Starch is the major storage carbohydrate in plants and functions in buffering carbon and energy availability for plant fitness with challenging environmental conditions. The timing and extent of starch degradation appears to be determined by diverse hormonal and environmental signals. However, our understanding of the regulation of starch metabolism is fragmentary. Here, we demonstrate that phytohormone brassinosteroid (BR) and redox signal hydrogen peroxide (H2O2) induce the breakdown of starch in guard cells, which promotes stomatal opening. The BR-insensitive mutant bri1-116 accumulated high levels of starch in guard cells, impairing stomatal opening in response to light. The gain-of-function mutant bzr1-1D suppressed the starch excess phenotype of bri1-116, thereby promoting stomatal opening. BRASSINAZOLE-RESISTANT 1 (BZR1) interacts with the bZIP transcription factor G-BOX BINDING FACTOR2 (GBF2) to promote the expression of β-AMYLASE1 (BAM1), which is responsible for starch degradation in guard cells. H2O2 induces the oxidation of BZR1, enhancing the interaction between BZR1 and GBF2 to increase BAM1 transcription. Mutations in BAM1 lead to starch accumulation and reduce the effects of BR and H2O2 on stomatal opening. Overall, the present study uncovers the critical roles of BR and H2O2 in the regulation of guard cell starch metabolism and stomatal opening.

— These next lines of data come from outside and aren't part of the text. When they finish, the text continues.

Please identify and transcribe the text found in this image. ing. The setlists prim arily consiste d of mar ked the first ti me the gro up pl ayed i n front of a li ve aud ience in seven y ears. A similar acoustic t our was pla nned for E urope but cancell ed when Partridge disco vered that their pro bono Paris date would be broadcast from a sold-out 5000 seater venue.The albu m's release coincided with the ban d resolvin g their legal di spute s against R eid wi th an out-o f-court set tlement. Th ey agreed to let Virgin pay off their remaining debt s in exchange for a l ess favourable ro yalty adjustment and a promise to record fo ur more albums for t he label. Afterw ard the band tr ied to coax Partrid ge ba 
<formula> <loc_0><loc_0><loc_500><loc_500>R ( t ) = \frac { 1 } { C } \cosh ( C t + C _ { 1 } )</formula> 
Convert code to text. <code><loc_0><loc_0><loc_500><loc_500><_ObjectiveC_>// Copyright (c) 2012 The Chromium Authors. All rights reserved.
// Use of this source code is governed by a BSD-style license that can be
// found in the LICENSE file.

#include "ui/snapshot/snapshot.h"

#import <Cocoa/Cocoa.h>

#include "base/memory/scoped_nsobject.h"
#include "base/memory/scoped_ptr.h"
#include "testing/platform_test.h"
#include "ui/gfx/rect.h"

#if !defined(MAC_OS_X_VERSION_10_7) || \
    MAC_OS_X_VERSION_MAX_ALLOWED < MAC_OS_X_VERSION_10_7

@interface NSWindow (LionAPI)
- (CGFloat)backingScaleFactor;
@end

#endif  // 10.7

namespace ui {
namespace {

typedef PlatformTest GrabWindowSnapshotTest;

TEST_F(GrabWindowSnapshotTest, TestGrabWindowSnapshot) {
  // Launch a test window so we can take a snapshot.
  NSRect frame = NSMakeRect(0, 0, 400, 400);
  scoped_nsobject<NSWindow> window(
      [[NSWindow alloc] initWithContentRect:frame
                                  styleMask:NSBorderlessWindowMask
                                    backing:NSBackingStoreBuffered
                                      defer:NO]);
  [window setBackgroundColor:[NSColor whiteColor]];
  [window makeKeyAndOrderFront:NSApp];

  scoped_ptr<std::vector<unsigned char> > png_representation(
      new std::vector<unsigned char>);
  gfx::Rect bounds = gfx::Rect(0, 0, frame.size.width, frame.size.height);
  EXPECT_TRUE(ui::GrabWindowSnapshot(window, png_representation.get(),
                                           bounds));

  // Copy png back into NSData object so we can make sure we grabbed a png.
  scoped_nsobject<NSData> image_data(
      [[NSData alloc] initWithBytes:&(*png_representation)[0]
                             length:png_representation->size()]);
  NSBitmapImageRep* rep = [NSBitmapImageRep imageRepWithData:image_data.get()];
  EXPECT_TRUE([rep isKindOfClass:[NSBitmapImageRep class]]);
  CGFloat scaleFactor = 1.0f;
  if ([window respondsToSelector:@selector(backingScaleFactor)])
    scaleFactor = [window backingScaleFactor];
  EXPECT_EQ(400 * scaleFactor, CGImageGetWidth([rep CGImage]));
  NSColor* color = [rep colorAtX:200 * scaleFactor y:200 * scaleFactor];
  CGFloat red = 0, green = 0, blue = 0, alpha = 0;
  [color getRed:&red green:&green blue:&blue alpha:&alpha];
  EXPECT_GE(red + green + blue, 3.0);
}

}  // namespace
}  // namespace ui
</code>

淀粉是植物中的主要储存碳水化合物，在具有挑战性的环境条件下，可以缓冲碳和能量的可用性，从而使植物适应健康。淀粉降解的时机和程度似乎由多种激素和环境信号决定。但是，我们对淀粉代谢调控的理解是零碎的。在这里，我们证明了植物激素油菜素类固醇（BR）和氧化还原信号过氧化氢（H2O2）诱导了保卫细胞中淀粉的分解，从而促进了气孔的开放。对BR不敏感的突变体bri1-116在保卫细胞中积聚了高水平的淀粉，从而损害了光对气孔的开放。功能获得突变体bzr1-1D抑制了bri1-116的淀粉过量表型，从而促进了气孔的开放。耐巴西环唑1（BZR1）与bZIP转录因子G-BOX BINDING FACTOR2（GBF2）相互作用，促进β-淀粉酶1（BAM1）的表达，后者负责保护细胞中的淀粉降解。H2O2诱导BZR1氧化，增强BZR1与GBF2之间的相互作用，从而增加BAM1转录。BAM1中的突变导致淀粉积累，并降低BR和H2O2对气孔开放的影响。总体而言，本研究揭示了BR和H2O2在调节保卫细胞淀粉代谢和气孔开放中的关键作用。BAM1中的突变导致淀粉积累，并降低BR和H2O2对气孔开放的影响。总体而言，本研究揭示了BR和H2O2在调节保卫细胞淀粉代谢和气孔开放中的关键作用。BAM1中的突变导致淀粉积累，并降低BR和H2O2对气孔开放的影响。总体而言，本研究揭示了BR和H2O2在调节保卫细胞淀粉代谢和气孔开放中的关键作用。